You'll see arguments like the above made (although perhaps slightly less clearly, by contemporary standards) by St. Photius (in the 9th century) against the Latins, part of the result being that the Pope had the creed without the filioque engraved on two silver plates and put on display for all to see, and you'll also see them being reiterated by later Orthodox apologists, including at the aforementioned Council of Blachernae.
Now, the Latin response is that this is an inadequate way of understanding the Trinity because it seems to make the Son and the Spirit independent, and Scripture clearly posits some relationship between them (the Spirit is "the Spirit of the Son," after all). But the Orthodox have a response to this, and this is where the essence/energies distinction comes in. First, on the Orthodox view, you have to understand that God exists beyond His essence; He is His essence and He is also His energies, without there being any sort of composition that would compromise His simplicity. In some sense, His energies are His "manifestations." So, the Orthodox express the relationship between the Son and the Holy Spirit in a number of ways:
(1) First, note that the Father begets the Son by communicating the fullness of His nature to Him, and also spirates the Spirit by communicating the fullness of the divine nature to Him as well. But, you'll notice that the divine nature which the Father communicates to the Spirit is the nature that is also shared by the Son, so there is a sort of filioque on the level of essence but not on the level of Persons; the Spirit shares the essence of the Father and the Son but He does not proceed personally from both (he proceeds personally only from the Father).

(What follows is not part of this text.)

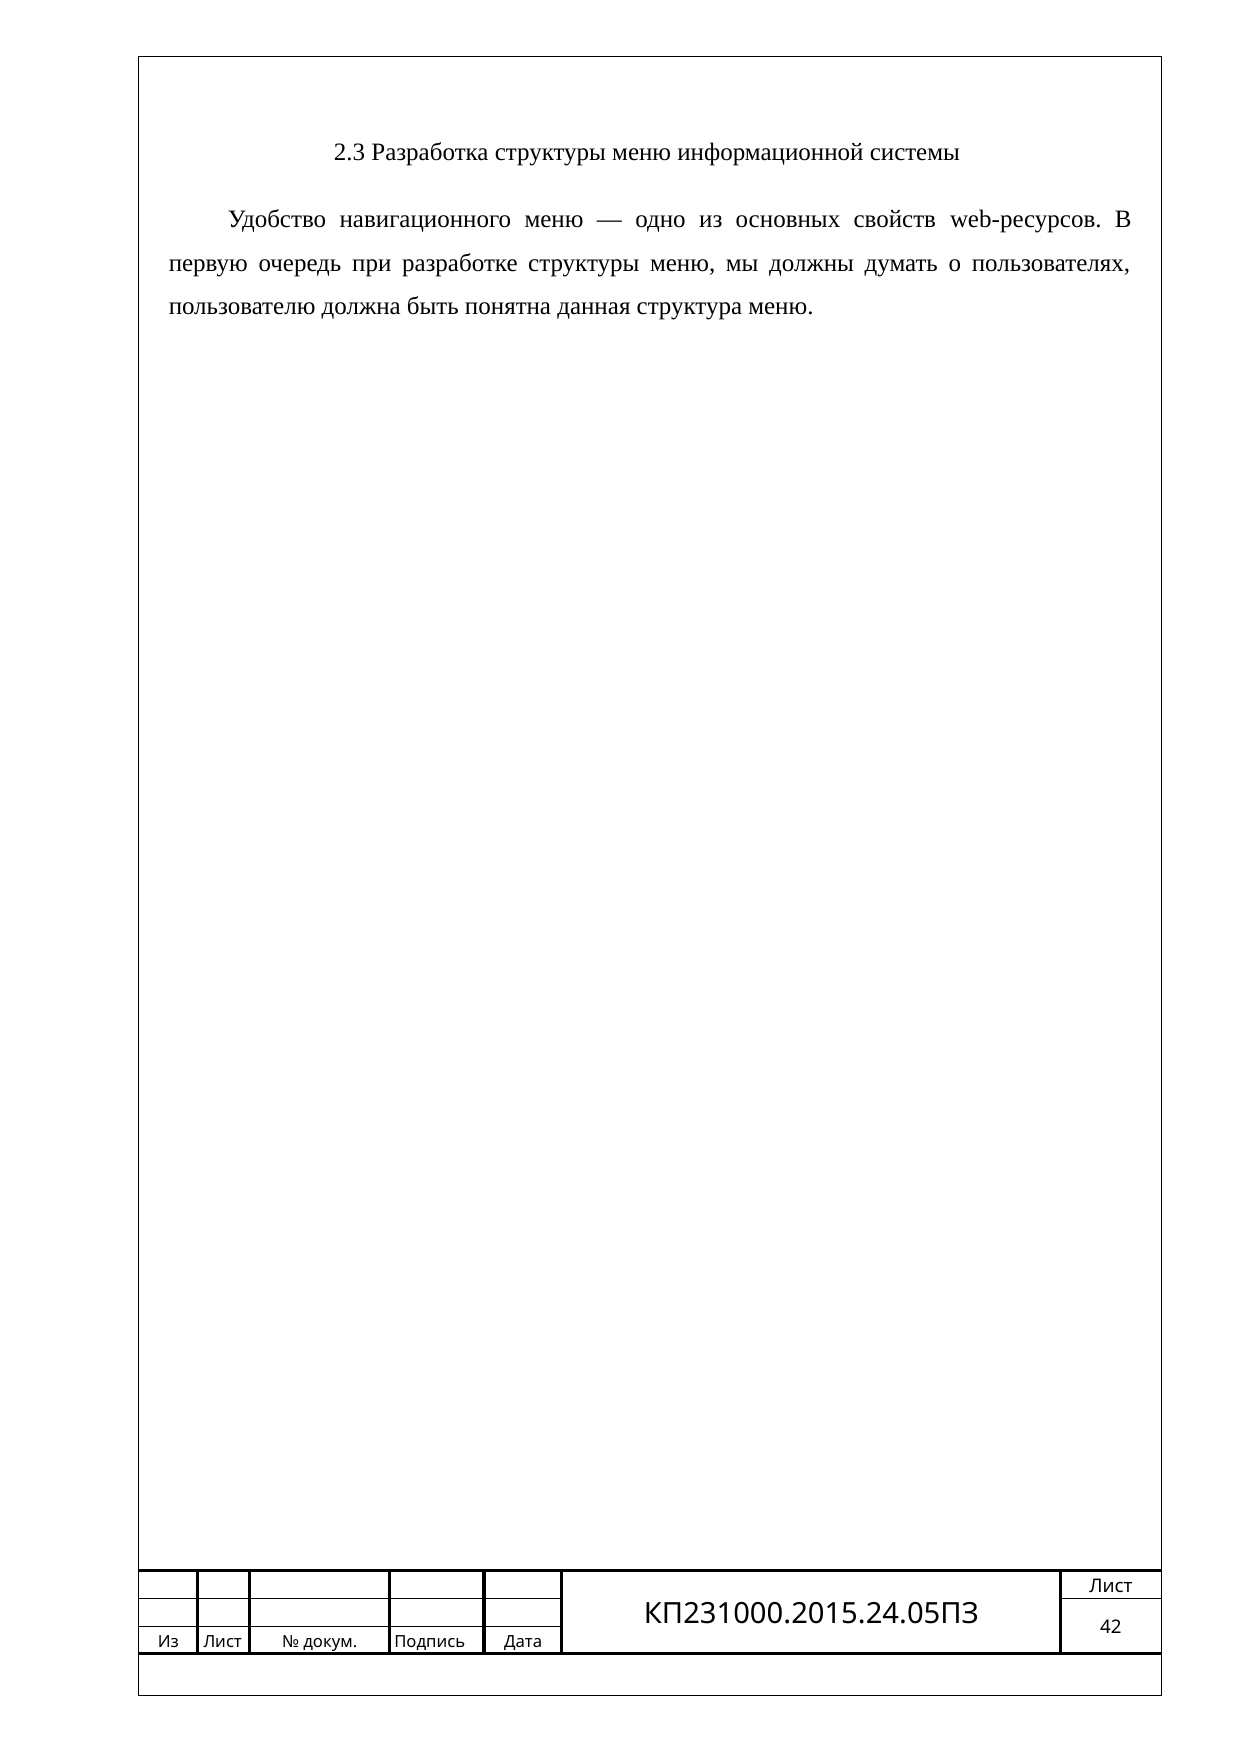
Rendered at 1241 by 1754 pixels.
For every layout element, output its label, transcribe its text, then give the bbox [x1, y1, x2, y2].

text Удобство навигационного меню — одно из основных свойств web-ресурсов. В первую очередь при разработке структуры меню, мы должны думать о пользователях, пользователю должна быть понятна данная структура меню. [168, 204, 1132, 319]
subtitle 2.3 Разработка структуры меню информационной системы [168, 137, 1132, 165]

This is, historically, the understanding that St. Maximos the Confessor and St. Cyril of Alexandria gave to the filioque early on (pre-schism), before it was developed further at Florence to include Personal procession.
(2) The Spirit does proceed from the Father and the Son in the sense of manifesting temporally into creation from the Father and the Son. This is one sense in which He is the "Spirit of the Son." The early Fathers clearly distinguish between this and the eternal hypostatic (Personal) procession of the Spirit in the theological (internal and eternal) Trinity which comes from the Father alone -- in fact, they use two different Greek words to distinguish the two different types of procession, and the one that signifies hypostatic procession (ekporeusis) always refers only to the Father alone. The Son has the ability to send the Spirit into the world because they are consubstantial, not because He processes His hypostatic existence.

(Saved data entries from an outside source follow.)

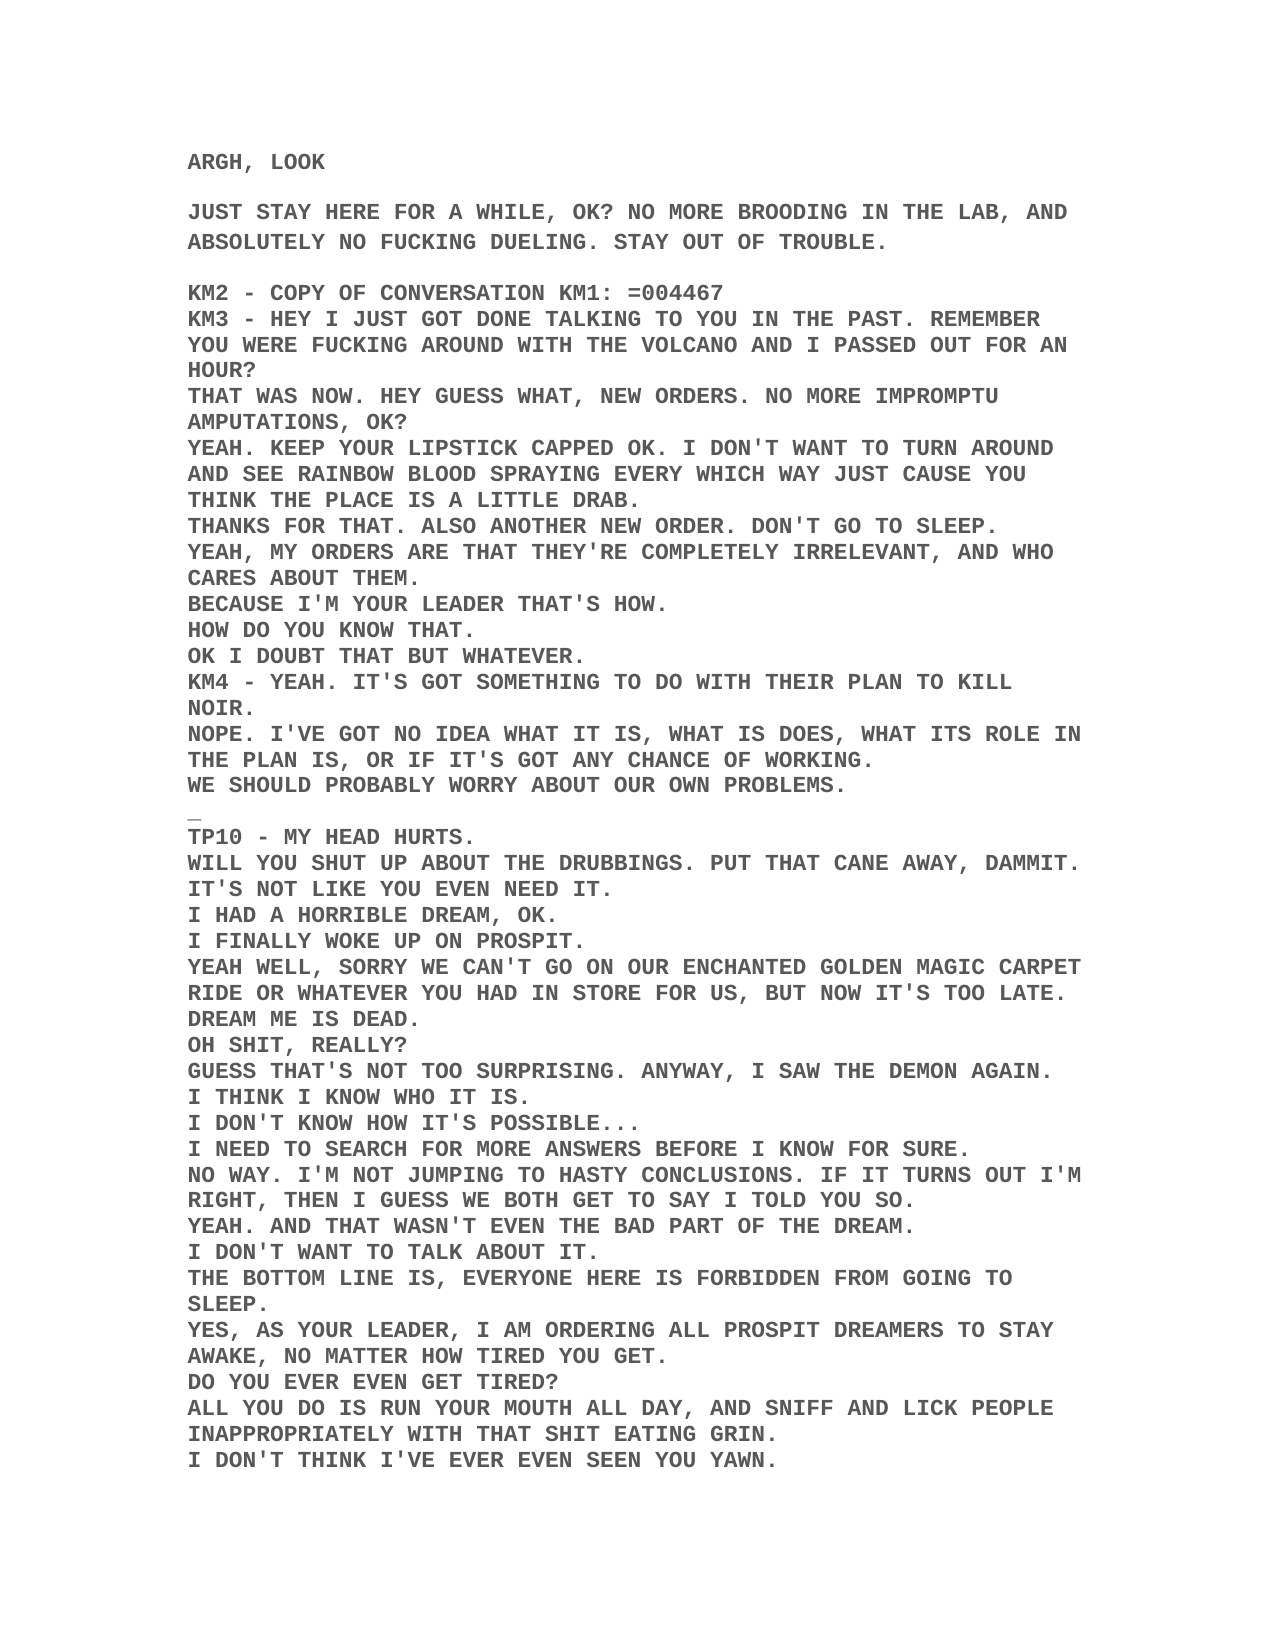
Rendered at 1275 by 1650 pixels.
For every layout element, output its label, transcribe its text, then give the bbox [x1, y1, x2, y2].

text NOPE. I'VE GOT NO IDEA WHAT IT IS, WHAT IS DOES, WHAT ITS ROLE IN THE PLAN IS, OR IF IT'S GOT ANY CHANCE OF WORKING. [187, 722, 1087, 774]
text KM3 - HEY I JUST GOT DONE TALKING TO YOU IN THE PAST. REMEMBER YOU WERE FUCKING AROUND WITH THE VOLCANO AND I PASSED OUT FOR AN HOUR? [187, 307, 1087, 385]
text THE BOTTOM LINE IS, EVERYONE HERE IS FORBIDDEN FROM GOING TO SLEEP. [187, 1267, 1087, 1318]
text I FINALLY WOKE UP ON PROSPIT. [187, 929, 1087, 955]
text DREAM ME IS DEAD. [187, 1007, 1087, 1033]
text BECAUSE I'M YOUR LEADER THAT'S HOW. [187, 592, 1087, 618]
text I NEED TO SEARCH FOR MORE ANSWERS BEFORE I KNOW FOR SURE. [187, 1137, 1087, 1163]
text WE SHOULD PROBABLY WORRY ABOUT OUR OWN PROBLEMS. [187, 774, 1087, 800]
text _ [187, 800, 1087, 826]
text KM4 - YEAH. IT'S GOT SOMETHING TO DO WITH THEIR PLAN TO KILL NOIR. [187, 670, 1087, 722]
text YEAH, MY ORDERS ARE THAT THEY'RE COMPLETELY IRRELEVANT, AND WHO CARES ABOUT THEM. [187, 540, 1087, 592]
text YES, AS YOUR LEADER, I AM ORDERING ALL PROSPIT DREAMERS TO STAY AWAKE, NO MATTER HOW TIRED YOU GET. [187, 1318, 1087, 1370]
text OH SHIT, REALLY? [187, 1033, 1087, 1059]
text I HAD A HORRIBLE DREAM, OK. [187, 903, 1087, 929]
text THAT WAS NOW. HEY GUESS WHAT, NEW ORDERS. NO MORE IMPROMPTU AMPUTATIONS, OK? [187, 385, 1087, 437]
text TP10 - MY HEAD HURTS. [187, 826, 1087, 852]
text ALL YOU DO IS RUN YOUR MOUTH ALL DAY, AND SNIFF AND LICK PEOPLE INAPPROPRIATELY WITH THAT SHIT EATING GRIN. [187, 1396, 1087, 1448]
text I THINK I KNOW WHO IT IS. [187, 1085, 1087, 1111]
text I DON'T THINK I'VE EVER EVEN SEEN YOU YAWN. [187, 1448, 1087, 1474]
text ARGH, LOOK [187, 150, 1087, 176]
text I DON'T WANT TO TALK ABOUT IT. [187, 1241, 1087, 1267]
text YEAH WELL, SORRY WE CAN'T GO ON OUR ENCHANTED GOLDEN MAGIC CARPET RIDE OR WHATEVER YOU HAD IN STORE FOR US, BUT NOW IT'S TOO LATE. [187, 955, 1087, 1007]
text WILL YOU SHUT UP ABOUT THE DRUBBINGS. PUT THAT CANE AWAY, DAMMIT. IT'S NOT LIKE YOU EVEN NEED IT. [187, 852, 1087, 903]
text YEAH. KEEP YOUR LIPSTICK CAPPED OK. I DON'T WANT TO TURN AROUND AND SEE RAINBOW BLOOD SPRAYING EVERY WHICH WAY JUST CAUSE YOU THINK THE PLACE IS A LITTLE DRAB. [187, 437, 1087, 514]
text THANKS FOR THAT. ALSO ANOTHER NEW ORDER. DON'T GO TO SLEEP. [187, 514, 1087, 540]
text KM2 - COPY OF CONVERSATION KM1: =004467 [187, 281, 1087, 307]
text I DON'T KNOW HOW IT'S POSSIBLE... [187, 1111, 1087, 1137]
text HOW DO YOU KNOW THAT. [187, 618, 1087, 644]
text NO WAY. I'M NOT JUMPING TO HASTY CONCLUSIONS. IF IT TURNS OUT I'M RIGHT, THEN I GUESS WE BOTH GET TO SAY I TOLD YOU SO. [187, 1163, 1087, 1215]
text DO YOU EVER EVEN GET TIRED? [187, 1370, 1087, 1396]
text OK I DOUBT THAT BUT WHATEVER. [187, 644, 1087, 670]
text YEAH. AND THAT WASN'T EVEN THE BAD PART OF THE DREAM. [187, 1215, 1087, 1241]
text JUST STAY HERE FOR A WHILE, OK? NO MORE BROODING IN THE LAB, AND ABSOLUTELY NO FUCKING DUELING. STAY OUT OF TROUBLE. [187, 201, 1087, 256]
text GUESS THAT'S NOT TOO SURPRISING. ANYWAY, I SAW THE DEMON AGAIN. [187, 1059, 1087, 1085]

(3) This is where the essence/energies distinction comes in. The Orthodox also go as far as to say (in the Tomus of 1285) that there is an eternal relationship between the Son and the Spirit, albeit in reference to the energies and not to the internal Trinity. While the Father alone processes the Spirit as Person in the internal Trinity, the Son -- again, because the Son and the Spirit are consubstantial -- eternally manifests the Spirit in the divine energies. He does not cause his Personal existence in any way, but He does manifest His existence in the divine energies, shining Him forth eternally. I won't go further with this point because the idea of divine energies, if it is new to you, will have to be substantially clarified.
So, just as a reiterative conclusion, you can see why the Orthodox have a problem with the Council of Florence. It says that the Father and the Son are a cause not only of the Holy Spirit according to essence, but also according to the Spirit's "subsistent being" (which typically means "hypostasis"). Furthermore, it indicates that the Father communicates the property of processing the Spirit to the Son in begetting Him, to the point that the Spirit can even be said to proceed from the Son.
Given the above, hopefully you can see why positing the Son even as an intermediary cause of the Spirit's personal existence is problematic to the Eastern understanding. Your analogy works if it refers to the Spirit's eternal or temporal manifestation, but not if it refers to the origination of His Person.
God bless, Jason
P.S. I will say that I am beginning to flesh out a different understanding that may work in making Florence amenable to an Orthodox understanding. I will let you know if and when I actually do flesh it out.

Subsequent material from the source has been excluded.